**PROBLEM DESCRIPTION:** Go through the records, and copy each line in which the string "This" is present.

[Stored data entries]
=== Section Start ===
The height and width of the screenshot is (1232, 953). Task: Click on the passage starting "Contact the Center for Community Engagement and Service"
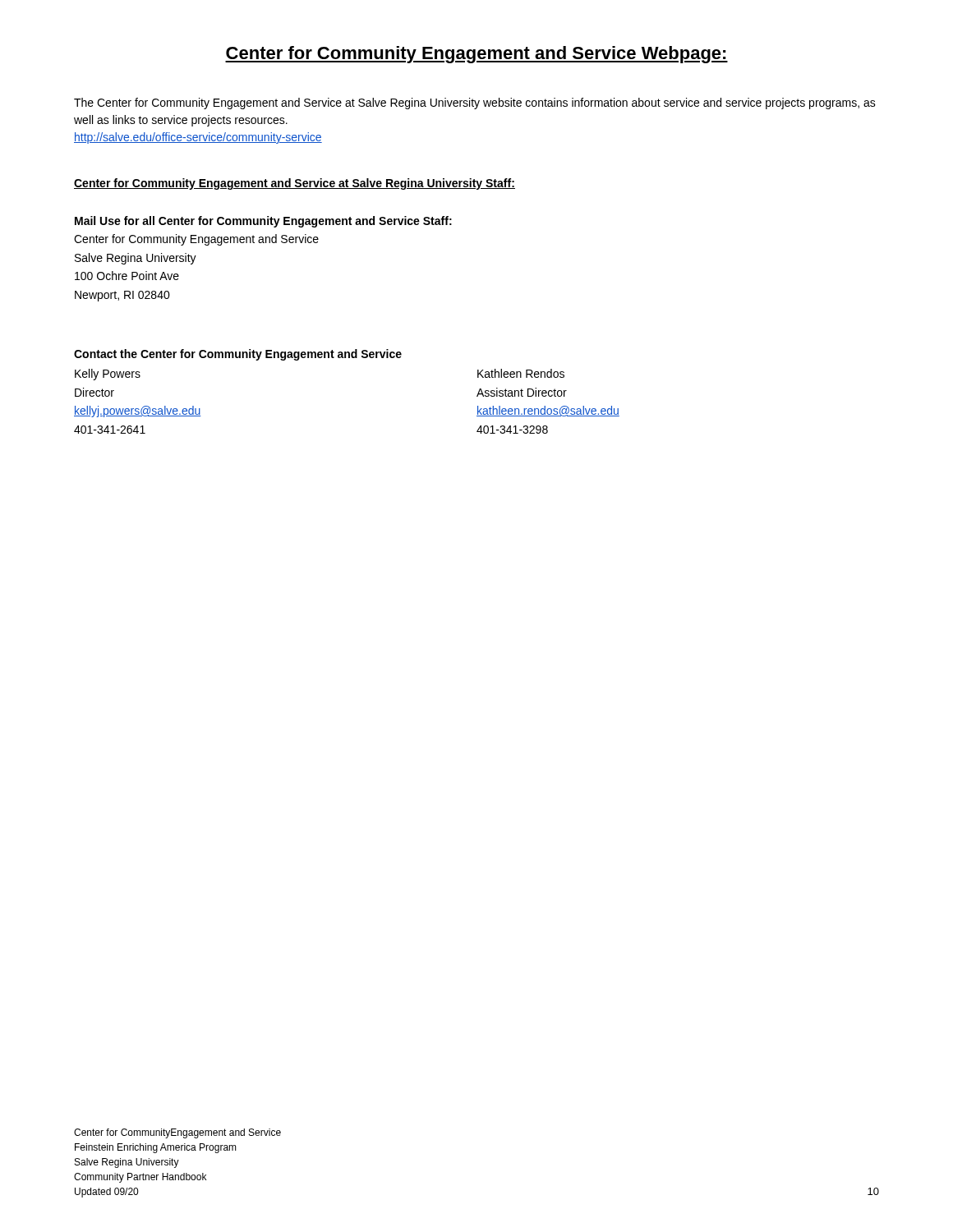(x=476, y=393)
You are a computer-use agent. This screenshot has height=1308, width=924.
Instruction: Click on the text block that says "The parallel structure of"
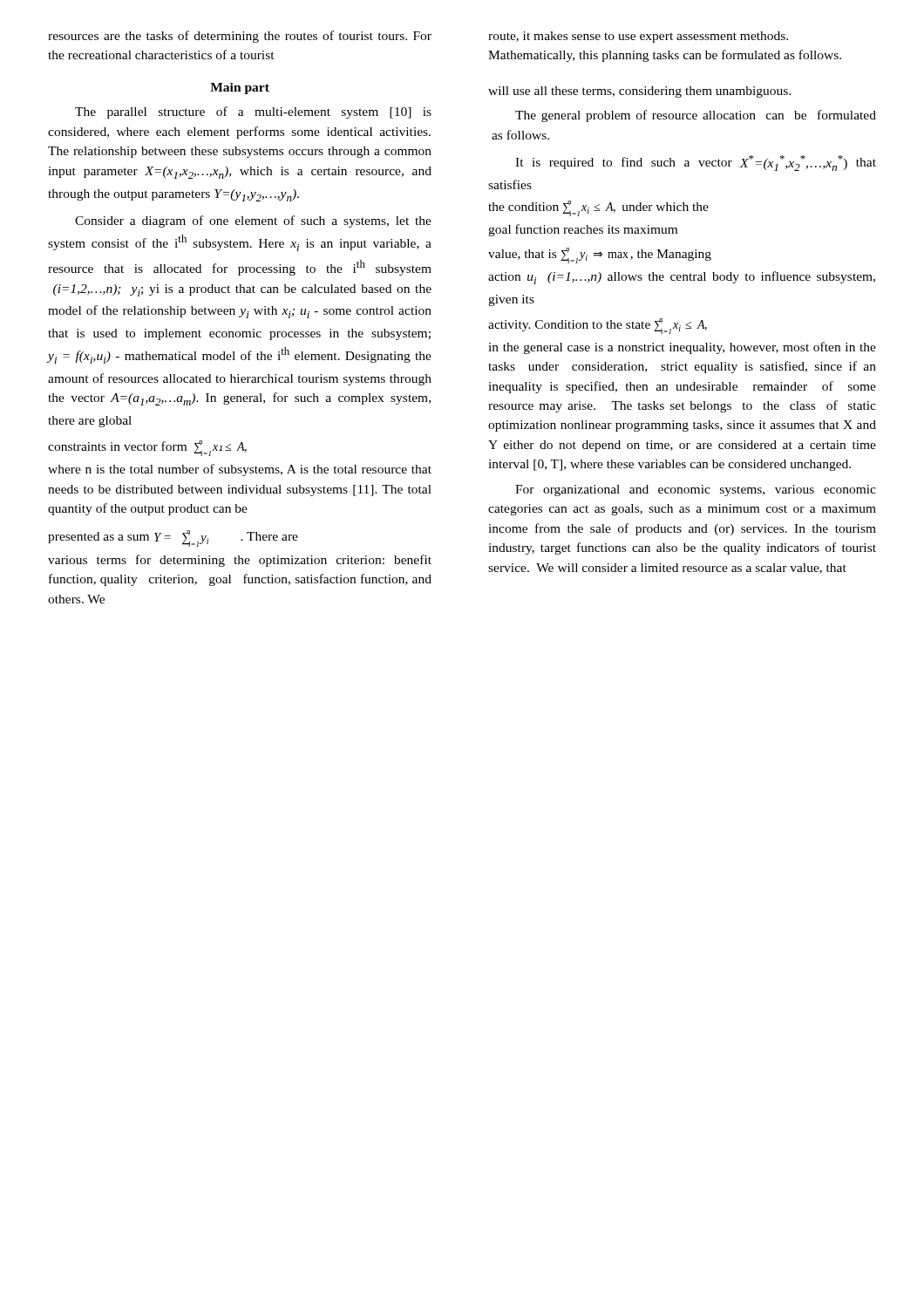coord(240,356)
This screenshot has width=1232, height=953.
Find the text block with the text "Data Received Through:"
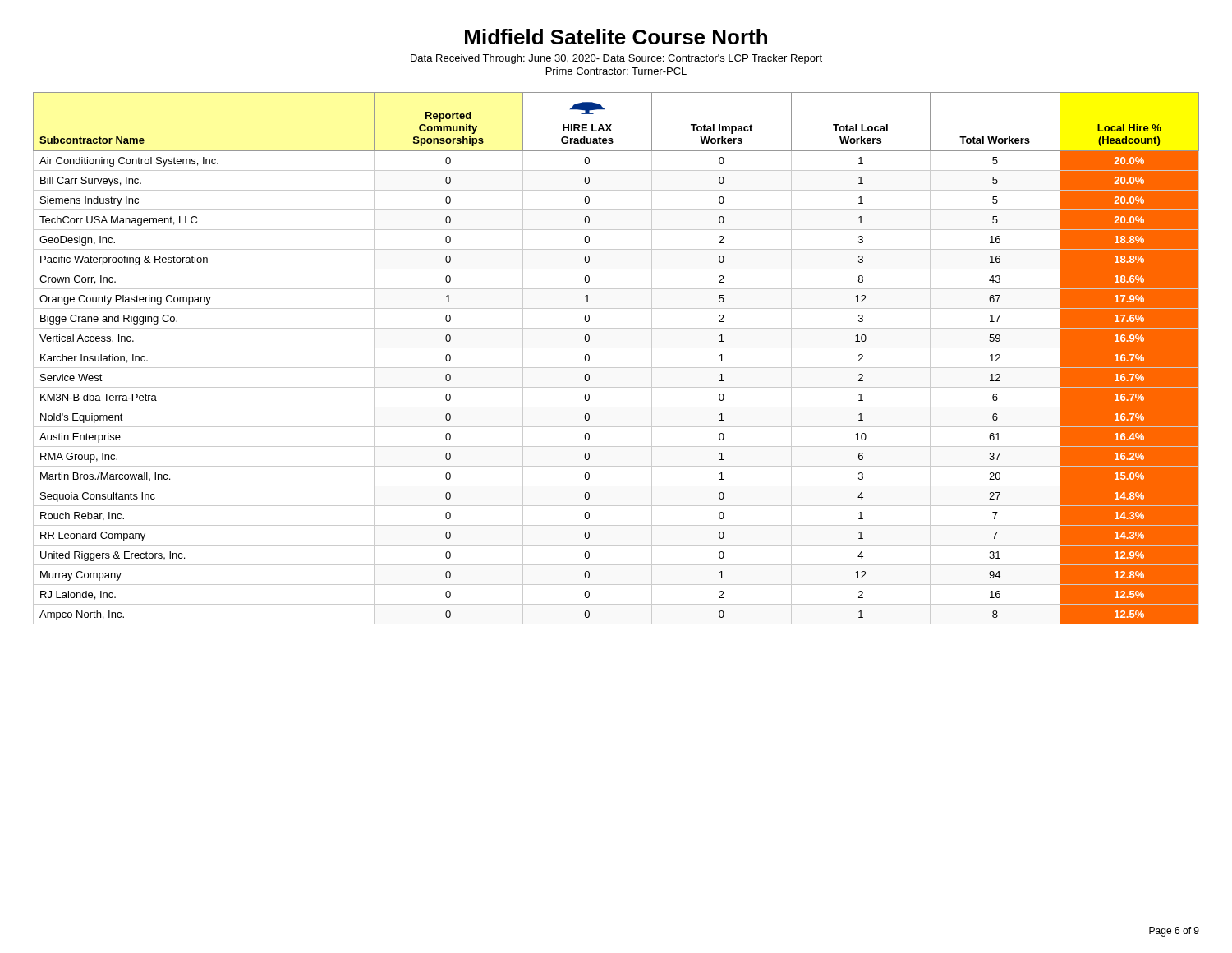[616, 58]

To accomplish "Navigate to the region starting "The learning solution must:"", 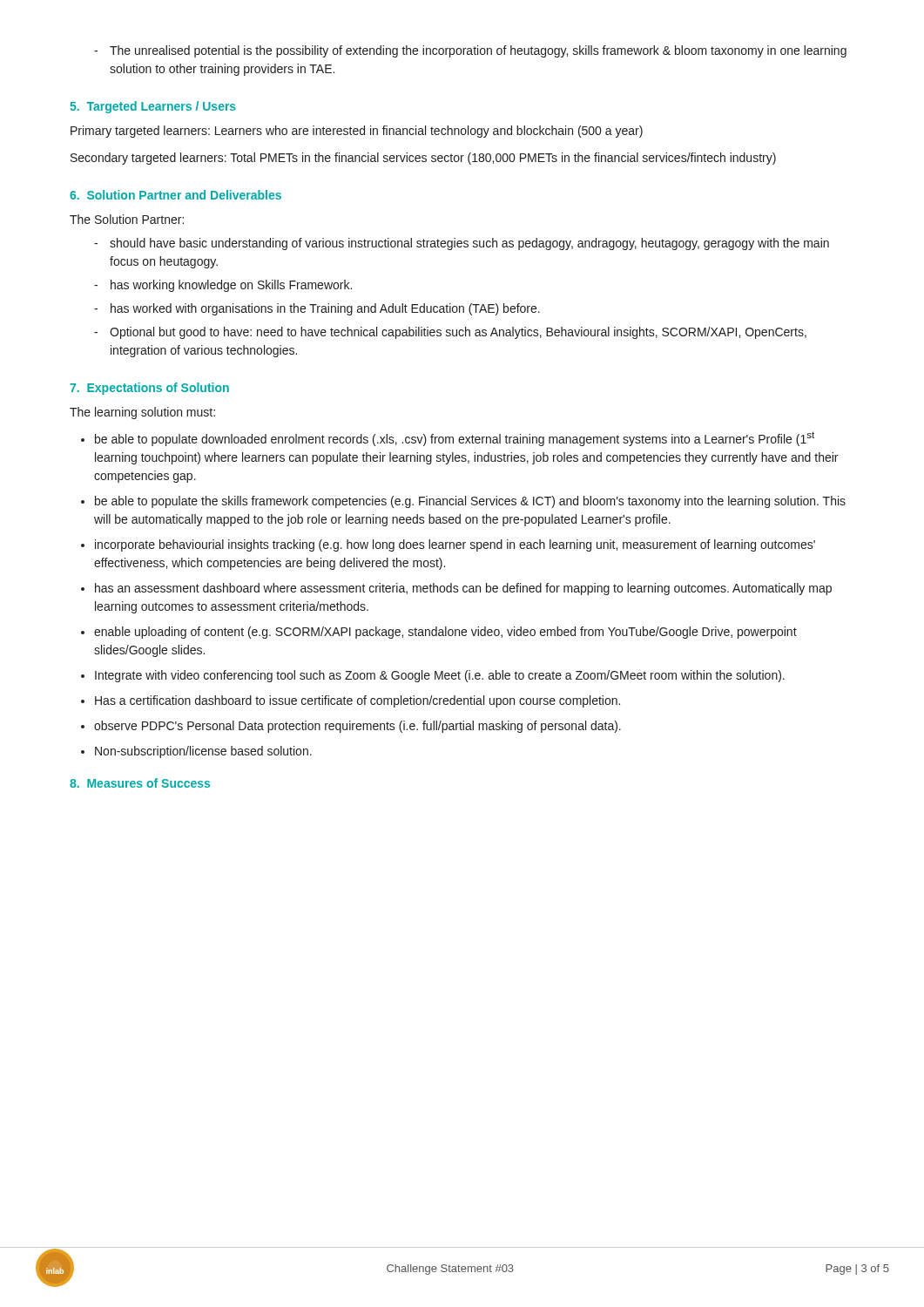I will point(143,412).
=== Section End ===
**ANSWER TO THE PROBLEM:**
You are a computer-use agent. This screenshot has height=1308, width=924.
This screenshot has width=1232, height=953.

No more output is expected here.